===== Information shown =====

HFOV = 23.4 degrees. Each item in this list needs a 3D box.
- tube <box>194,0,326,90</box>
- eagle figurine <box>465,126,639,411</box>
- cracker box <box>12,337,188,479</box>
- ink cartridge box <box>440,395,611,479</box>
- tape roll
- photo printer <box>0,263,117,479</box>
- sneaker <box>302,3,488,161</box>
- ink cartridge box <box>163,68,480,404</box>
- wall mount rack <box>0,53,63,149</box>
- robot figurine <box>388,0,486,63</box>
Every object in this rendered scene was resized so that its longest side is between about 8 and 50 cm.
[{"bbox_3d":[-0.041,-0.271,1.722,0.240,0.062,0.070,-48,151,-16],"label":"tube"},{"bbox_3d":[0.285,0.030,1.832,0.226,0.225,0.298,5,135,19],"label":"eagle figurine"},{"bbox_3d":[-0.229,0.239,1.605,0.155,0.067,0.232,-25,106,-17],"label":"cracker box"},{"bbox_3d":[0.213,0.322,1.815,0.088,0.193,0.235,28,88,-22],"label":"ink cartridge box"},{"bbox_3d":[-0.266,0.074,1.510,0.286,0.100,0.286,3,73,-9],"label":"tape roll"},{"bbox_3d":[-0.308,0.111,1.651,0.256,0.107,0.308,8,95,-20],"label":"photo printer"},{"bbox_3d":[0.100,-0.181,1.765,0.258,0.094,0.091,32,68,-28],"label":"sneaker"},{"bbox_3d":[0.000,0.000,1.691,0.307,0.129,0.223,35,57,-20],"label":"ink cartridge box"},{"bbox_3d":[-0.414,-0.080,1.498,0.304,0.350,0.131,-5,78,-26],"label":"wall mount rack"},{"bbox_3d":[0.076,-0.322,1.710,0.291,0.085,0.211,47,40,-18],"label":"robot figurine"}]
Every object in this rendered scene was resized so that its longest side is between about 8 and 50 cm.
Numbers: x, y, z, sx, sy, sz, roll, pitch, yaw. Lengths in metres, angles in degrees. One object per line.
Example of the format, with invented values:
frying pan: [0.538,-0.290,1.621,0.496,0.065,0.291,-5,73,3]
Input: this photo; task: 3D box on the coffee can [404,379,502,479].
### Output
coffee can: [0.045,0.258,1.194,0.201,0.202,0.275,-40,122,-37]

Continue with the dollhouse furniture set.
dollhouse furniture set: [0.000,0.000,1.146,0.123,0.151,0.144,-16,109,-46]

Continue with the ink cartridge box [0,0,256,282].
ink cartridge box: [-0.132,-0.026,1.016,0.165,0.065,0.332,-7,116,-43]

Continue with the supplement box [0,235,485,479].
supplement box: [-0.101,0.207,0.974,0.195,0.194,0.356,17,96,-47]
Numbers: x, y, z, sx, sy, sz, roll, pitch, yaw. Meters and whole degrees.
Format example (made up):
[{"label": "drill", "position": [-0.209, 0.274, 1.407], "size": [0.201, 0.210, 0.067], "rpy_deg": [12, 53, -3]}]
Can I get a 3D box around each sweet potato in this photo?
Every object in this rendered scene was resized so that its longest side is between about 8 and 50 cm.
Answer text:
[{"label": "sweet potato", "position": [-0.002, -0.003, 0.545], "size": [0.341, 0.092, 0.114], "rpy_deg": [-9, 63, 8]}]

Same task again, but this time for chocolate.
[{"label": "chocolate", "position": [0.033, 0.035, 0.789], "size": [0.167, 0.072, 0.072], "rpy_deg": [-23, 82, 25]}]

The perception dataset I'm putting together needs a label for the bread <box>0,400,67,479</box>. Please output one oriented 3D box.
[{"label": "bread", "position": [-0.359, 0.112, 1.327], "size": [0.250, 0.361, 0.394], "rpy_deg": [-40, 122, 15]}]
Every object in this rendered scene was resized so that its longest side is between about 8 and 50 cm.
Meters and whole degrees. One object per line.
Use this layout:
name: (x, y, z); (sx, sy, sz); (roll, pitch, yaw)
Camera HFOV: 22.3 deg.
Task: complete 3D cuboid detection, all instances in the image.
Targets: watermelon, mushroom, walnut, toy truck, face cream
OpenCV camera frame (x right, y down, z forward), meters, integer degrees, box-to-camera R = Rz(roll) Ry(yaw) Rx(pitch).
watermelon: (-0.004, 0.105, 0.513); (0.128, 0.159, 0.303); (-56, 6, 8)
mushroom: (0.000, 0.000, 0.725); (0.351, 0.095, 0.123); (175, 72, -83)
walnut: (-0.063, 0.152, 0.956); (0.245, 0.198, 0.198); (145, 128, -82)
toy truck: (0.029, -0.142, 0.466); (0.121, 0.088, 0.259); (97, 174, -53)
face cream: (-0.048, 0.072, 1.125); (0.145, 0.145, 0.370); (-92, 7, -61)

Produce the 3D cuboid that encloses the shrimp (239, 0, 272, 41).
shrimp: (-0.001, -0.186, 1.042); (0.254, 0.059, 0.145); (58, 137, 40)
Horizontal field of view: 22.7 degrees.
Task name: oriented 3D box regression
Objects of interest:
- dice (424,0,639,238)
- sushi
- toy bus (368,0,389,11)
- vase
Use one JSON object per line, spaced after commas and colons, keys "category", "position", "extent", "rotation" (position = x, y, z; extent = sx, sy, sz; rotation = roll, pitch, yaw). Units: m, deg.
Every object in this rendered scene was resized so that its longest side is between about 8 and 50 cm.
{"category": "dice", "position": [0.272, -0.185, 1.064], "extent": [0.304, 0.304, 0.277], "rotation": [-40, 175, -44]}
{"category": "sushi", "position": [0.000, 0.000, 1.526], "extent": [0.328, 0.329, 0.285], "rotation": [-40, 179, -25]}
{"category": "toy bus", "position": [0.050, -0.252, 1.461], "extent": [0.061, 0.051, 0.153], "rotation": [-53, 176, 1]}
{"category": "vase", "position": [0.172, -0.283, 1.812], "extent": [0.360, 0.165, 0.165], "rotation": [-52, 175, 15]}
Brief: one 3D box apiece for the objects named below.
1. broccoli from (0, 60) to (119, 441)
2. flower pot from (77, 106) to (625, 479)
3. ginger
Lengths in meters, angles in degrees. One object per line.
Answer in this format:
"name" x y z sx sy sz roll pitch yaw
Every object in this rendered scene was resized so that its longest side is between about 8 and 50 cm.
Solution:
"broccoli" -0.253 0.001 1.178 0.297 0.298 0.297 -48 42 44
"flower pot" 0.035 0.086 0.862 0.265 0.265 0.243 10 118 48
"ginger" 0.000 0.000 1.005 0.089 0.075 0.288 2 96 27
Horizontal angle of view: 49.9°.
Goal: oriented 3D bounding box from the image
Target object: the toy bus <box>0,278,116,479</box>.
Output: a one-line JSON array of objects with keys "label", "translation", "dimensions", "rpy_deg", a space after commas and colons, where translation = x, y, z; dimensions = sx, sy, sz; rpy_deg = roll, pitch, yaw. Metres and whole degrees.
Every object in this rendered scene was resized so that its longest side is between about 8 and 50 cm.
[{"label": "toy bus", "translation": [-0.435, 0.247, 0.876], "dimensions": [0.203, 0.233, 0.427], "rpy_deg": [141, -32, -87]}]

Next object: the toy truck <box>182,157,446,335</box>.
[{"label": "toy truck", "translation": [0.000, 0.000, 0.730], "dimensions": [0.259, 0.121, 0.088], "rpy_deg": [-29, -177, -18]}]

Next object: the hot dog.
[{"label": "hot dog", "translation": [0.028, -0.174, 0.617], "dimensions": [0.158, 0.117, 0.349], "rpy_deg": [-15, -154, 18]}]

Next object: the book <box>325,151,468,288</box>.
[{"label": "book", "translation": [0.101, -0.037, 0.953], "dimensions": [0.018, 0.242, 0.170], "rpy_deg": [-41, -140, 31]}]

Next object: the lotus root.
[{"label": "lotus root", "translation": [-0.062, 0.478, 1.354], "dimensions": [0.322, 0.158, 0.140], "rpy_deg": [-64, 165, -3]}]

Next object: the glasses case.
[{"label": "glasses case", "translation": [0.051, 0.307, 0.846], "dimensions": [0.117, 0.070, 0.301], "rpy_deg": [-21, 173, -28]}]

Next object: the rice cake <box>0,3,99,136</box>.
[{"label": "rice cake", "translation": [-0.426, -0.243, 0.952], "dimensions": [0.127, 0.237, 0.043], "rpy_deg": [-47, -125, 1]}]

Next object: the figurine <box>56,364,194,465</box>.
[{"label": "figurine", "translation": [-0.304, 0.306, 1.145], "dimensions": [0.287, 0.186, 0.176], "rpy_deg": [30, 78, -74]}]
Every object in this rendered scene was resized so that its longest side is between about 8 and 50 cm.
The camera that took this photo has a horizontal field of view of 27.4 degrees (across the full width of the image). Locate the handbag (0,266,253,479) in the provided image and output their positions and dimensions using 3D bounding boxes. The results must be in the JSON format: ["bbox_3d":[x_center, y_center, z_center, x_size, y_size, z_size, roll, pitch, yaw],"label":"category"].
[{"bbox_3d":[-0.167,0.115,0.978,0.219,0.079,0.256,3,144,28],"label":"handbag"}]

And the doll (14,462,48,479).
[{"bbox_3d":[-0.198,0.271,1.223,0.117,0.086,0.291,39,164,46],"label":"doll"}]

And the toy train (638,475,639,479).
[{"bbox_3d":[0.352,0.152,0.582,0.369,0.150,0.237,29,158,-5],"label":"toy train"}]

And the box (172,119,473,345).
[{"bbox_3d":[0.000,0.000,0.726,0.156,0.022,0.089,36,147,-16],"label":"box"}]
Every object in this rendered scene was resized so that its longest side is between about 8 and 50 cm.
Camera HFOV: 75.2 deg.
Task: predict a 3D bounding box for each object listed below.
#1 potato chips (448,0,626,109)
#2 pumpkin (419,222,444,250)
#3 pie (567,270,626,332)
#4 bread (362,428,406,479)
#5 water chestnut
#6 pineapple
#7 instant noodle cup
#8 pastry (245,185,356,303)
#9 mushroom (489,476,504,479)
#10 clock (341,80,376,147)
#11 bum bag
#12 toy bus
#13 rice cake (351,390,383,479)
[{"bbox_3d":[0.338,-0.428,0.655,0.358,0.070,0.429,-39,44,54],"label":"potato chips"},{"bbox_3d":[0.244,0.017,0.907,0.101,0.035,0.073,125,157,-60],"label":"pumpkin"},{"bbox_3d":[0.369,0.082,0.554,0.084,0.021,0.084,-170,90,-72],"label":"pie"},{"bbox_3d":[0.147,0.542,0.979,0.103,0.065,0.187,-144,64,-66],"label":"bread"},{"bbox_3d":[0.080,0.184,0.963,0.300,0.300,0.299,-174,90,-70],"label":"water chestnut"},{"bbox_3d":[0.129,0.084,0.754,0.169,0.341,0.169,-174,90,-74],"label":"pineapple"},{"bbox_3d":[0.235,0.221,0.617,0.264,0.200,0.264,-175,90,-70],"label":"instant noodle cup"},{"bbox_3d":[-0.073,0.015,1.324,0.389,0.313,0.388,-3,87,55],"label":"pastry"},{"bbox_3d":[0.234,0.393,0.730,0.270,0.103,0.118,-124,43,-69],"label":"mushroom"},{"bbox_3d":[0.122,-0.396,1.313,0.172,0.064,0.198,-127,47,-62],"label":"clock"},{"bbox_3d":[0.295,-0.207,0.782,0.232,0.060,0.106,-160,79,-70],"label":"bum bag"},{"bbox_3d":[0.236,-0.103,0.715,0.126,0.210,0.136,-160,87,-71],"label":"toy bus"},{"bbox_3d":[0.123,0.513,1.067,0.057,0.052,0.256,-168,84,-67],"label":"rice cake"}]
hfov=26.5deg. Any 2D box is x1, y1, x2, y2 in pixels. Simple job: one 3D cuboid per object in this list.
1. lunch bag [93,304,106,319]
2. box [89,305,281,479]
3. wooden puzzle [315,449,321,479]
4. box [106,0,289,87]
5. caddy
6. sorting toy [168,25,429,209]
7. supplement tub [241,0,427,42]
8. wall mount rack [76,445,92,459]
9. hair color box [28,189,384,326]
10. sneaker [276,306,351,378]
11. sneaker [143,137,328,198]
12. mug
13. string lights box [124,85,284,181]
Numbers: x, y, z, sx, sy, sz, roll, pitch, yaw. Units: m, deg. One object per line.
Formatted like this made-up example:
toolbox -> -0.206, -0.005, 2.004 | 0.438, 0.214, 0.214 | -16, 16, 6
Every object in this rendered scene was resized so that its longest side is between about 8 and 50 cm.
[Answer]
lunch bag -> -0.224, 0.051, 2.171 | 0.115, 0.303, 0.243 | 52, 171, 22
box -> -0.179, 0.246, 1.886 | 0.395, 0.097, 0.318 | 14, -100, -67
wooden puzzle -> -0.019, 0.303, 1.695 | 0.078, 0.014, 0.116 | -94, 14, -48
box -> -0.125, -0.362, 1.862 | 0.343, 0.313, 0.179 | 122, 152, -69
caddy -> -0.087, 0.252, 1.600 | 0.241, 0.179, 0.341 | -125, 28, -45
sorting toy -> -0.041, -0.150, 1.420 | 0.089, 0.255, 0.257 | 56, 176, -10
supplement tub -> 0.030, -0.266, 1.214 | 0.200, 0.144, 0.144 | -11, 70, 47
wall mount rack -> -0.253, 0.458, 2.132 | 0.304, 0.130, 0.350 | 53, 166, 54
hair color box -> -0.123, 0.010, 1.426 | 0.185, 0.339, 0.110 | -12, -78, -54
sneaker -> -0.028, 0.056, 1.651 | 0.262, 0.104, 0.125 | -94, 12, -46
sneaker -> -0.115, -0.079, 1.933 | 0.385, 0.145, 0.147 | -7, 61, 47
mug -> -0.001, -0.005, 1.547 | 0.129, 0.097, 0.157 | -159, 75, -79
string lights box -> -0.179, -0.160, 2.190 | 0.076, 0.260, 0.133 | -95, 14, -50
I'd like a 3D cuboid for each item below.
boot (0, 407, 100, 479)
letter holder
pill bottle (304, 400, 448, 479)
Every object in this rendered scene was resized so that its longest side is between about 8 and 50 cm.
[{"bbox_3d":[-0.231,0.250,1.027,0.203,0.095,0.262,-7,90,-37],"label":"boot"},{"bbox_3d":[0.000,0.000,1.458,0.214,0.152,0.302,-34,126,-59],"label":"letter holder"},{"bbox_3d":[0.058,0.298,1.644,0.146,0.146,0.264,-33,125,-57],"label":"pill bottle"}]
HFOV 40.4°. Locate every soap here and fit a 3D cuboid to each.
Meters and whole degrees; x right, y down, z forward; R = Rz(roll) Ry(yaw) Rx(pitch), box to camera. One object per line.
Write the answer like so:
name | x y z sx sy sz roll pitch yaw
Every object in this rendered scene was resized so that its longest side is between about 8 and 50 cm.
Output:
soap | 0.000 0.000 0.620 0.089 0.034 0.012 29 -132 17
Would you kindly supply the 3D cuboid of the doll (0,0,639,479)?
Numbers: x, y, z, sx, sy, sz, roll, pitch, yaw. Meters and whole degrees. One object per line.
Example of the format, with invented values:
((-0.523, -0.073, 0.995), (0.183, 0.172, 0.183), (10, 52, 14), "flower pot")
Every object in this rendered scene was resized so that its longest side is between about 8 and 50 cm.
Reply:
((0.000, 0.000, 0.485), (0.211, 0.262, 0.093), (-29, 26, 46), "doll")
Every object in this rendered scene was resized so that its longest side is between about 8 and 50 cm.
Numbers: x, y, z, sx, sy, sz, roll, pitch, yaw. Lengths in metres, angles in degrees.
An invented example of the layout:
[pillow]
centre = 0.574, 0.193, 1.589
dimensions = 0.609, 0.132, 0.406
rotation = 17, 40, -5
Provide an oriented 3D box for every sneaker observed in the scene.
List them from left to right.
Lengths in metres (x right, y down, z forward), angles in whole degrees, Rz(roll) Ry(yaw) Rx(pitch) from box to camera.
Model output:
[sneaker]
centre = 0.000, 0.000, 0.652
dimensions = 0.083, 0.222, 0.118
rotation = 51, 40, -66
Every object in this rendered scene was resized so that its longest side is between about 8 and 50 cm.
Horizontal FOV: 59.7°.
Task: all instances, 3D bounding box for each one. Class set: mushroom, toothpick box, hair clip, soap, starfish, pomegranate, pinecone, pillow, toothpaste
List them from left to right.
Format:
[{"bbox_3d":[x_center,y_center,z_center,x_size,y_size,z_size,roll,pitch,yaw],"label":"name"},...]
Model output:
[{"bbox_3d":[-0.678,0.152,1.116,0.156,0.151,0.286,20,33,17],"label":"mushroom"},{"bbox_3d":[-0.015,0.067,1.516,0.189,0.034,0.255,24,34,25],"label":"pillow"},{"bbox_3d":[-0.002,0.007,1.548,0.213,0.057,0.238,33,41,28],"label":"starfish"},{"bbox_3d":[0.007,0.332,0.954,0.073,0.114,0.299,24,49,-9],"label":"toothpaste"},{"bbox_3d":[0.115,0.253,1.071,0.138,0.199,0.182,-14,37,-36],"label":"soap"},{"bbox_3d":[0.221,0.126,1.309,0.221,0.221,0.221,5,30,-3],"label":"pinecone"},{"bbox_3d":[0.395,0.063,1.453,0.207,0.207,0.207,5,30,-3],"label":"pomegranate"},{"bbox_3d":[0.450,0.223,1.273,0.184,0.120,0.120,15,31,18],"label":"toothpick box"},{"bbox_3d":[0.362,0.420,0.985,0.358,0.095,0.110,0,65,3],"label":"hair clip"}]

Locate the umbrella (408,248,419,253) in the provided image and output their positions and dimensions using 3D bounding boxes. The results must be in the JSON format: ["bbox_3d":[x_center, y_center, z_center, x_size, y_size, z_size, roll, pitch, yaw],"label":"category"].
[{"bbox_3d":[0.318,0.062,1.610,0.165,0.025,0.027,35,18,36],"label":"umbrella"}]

=====

What you have to do: Only the lines above from the line containing "- photo printer <box>0,263,117,479</box>" through the line containing "- robot figurine <box>388,0,486,63</box>" should be retyped, exactly and with both ends included.

Your response:
- photo printer <box>0,263,117,479</box>
- sneaker <box>302,3,488,161</box>
- ink cartridge box <box>163,68,480,404</box>
- wall mount rack <box>0,53,63,149</box>
- robot figurine <box>388,0,486,63</box>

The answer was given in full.